At its annual summit late last year in Montréal, the World Anti-Doping Agency added several substances to its list such as selective androgen receptor modulators, a form of non-steroidal molecules similar to anabolic steroids in their effect. It also added any agents modifying myostatin functions, particularly myostatin inhibitors.
A ruling was also made on intravenous infusion. The agency prohibited such treatments except in the case of acute medical conditions.
“There has not been much change since 2006 on banned substances,” Howman says. “It is more tidying up the list so that it is both scientifically and legally proofed to prevent challenges to the list.” A complete list of prohibited substances is available at www.wada-ama.org.
Selective androgen receptor modulators are typical of sort of drugs now preferred by athletes. They are normally used to treat men who lack adequate amounts of the male sex hormones. But for athletes, they have potential to have the desirable effect of bolstering testosterone levels, which builds strength and bone density, without the less dangerous side effects typical of steroid use.
Myostatin inhibitors, similarly, are normally prescribed to patients suffering from muscle atrophy. But for athletes, the inhibitors remove the muscles' normal size regulators, thereby allowing the muscles to grow unencumbered.
Neither of the groups has yet surfaced amongst athletes in competition testing. But the World Anti-Doping Agency added them to the list in a proactive move.

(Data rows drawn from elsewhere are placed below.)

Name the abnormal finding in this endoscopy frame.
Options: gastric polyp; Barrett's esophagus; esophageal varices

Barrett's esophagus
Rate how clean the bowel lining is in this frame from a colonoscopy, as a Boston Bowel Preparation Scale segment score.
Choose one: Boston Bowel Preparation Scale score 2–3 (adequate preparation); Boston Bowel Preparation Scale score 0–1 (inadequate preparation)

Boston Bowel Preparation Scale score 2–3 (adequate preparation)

Authorities also say they are on particularly high alert because the Games are being held in Beijing. Many black market drugs originate from China and having the athletes in such close proximity to manufacturers risks making the drugs more readily available.
“There have been concerns in China,” Howman says. “The greater concern is because that's where [black market drugs] come from.”

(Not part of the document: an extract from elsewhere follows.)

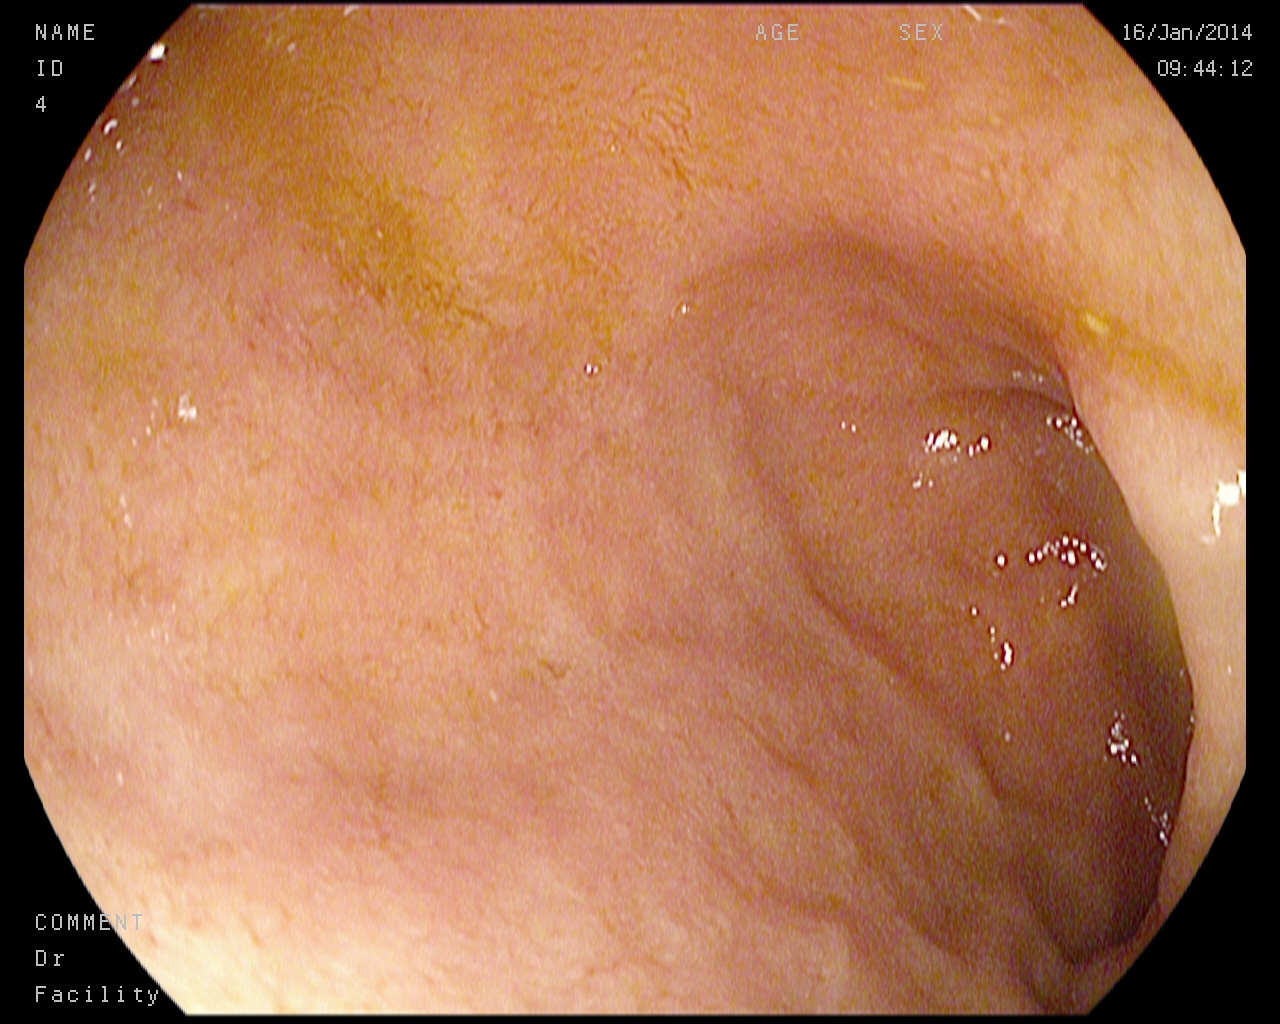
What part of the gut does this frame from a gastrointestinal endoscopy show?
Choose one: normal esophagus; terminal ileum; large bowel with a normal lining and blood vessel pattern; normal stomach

It all seems a monumental task for an agency whose headquarters in Montréal does not match the image of a highly sophisticated lab where scientists work around the clock in the struggle to stay a step ahead of dopers. Rather, it is a simple office, where the agency coordinates various sporting bodies and governments and their policies on drugs.
About 50 staff work in the Montréal office, forming the bulk of the 60 people employed worldwide by the agency, which has smaller offices in Switzerland, Uruguay, South Africa and Japan.

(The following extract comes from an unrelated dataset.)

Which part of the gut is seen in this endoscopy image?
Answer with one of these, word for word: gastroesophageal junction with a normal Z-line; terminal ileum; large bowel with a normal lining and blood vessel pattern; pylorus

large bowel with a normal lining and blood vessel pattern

“We have scientists, lawyers, anti-doping protocol specialists and communications experts,” says agency spokesman Frédéric Donzé, adding that about 15 nationalities are represented amongst the Montréal staff. “We have a very broad background.”
Their work has expanded greatly since 1999, and their 2008 budget of US$26.5 million is more than triple what they had to spend in their first year — a sign that as more and more individual sporting federations take on the responsibility of direct drug testing, there is much work to be done in coordinating and reviewing policies.
As well, there's the constant watch for new doping practices and inventive uses of everyday products. As past Olympics have proven, the Games are where previously unheard-of tactics surface.
Beijing will doubtless prove no exception.